秀吉は毎夜、酒盛りを開いて遊びほうけておると噂が立てば結構(笑)側近に銭をばらまけば、すぐさま信長様の御耳にも入ろうて。それがつけめよ。(秀吉)

これって、武井夕庵とかにも銭を送ったってことでしょうね。

だとすれば、なおさら武井夕庵が「毎夜、酒盛りで遊びほうけている筑前が御屋形様に謀反を起こす道理がございませぬ」とか言った可能性も(笑)

 

画像:NHK大河ドラマ『おんな太閤記』第十六回「秀吉蟄居」

 

そして、秀吉というか、橋田先生の思惑通りに。

おかか!出陣じゃ。戦じゃ。(秀吉)

御前様(ねね)

大和信貴山城の松永久秀を討てと信長様よりの御命令じゃ。案の定よのう、儂が出て行かねば誰も久秀を討つ者などおらぬわ。(秀吉)

では蟄居は?(ねね)

休みは終わりじゃ(秀吉)

秀吉に対する信長の勘気が解けたわけですね。

一件落着

画像:NHK大河ドラマ『おんな太閤記』第十六回「秀吉蟄居」

 

毛利攻めは、まず播磨の三木城から(信長)

秀吉の出陣により、松永久秀親子は信貴山城において自害して果て、その波乱の一生を閉じた(語り)

秀吉、命に代えましても、必ずや落として御覧にいれます(秀吉)

無事、責務を果たした秀吉には、息つく暇もなく大仕事が待っていた(語り)

良好の主従関係を復活させた信長と秀吉。
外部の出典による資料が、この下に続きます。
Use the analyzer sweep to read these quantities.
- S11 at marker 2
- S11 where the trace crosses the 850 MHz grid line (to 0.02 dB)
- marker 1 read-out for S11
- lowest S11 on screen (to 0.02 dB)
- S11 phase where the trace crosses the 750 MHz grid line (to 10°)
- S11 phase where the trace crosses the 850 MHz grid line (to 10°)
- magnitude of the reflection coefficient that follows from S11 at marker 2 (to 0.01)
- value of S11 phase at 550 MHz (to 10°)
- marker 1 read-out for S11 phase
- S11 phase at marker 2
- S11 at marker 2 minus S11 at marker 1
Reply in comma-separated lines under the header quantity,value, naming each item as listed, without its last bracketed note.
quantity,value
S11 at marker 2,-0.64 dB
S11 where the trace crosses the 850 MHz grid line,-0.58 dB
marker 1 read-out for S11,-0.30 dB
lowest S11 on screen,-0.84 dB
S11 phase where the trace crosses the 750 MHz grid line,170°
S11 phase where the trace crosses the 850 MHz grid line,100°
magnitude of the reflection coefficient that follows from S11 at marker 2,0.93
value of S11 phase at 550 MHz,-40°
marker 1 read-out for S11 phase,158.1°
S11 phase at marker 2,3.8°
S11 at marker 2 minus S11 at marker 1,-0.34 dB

そして、その傍らには秀吉の助命に尽力した武井夕庵の姿も。

 

武井夕庵自身、信長の側近故に、実際の戦で手柄を立てるような役回りではない。じゃがのう、大局的見地を踏まえた上でも、秀吉のような人物を織田家の繁栄のために有効活用すること。それすなわち、武井夕庵の勝ち戦に相当する部分だったのかも。

というわけで、歴史の表舞台で脚光を浴びることが少ない(かもしれない)武井夕庵について、さりげなく描写しようとした点は、橋田壽賀子作品ならではといったところでしょうか。

 

画像:NHK大河ドラマ『おんな太閤記』第十六回「秀吉蟄居」

 

多田幸男さんはNHKおしんにも

NHK朝の連続テレビ小説『おしん』第89回

 

多田幸男(別名・多田幸雄)さんは、NHKおしん第89回に、竜三の取引先の業者だった中野役としても出演されました。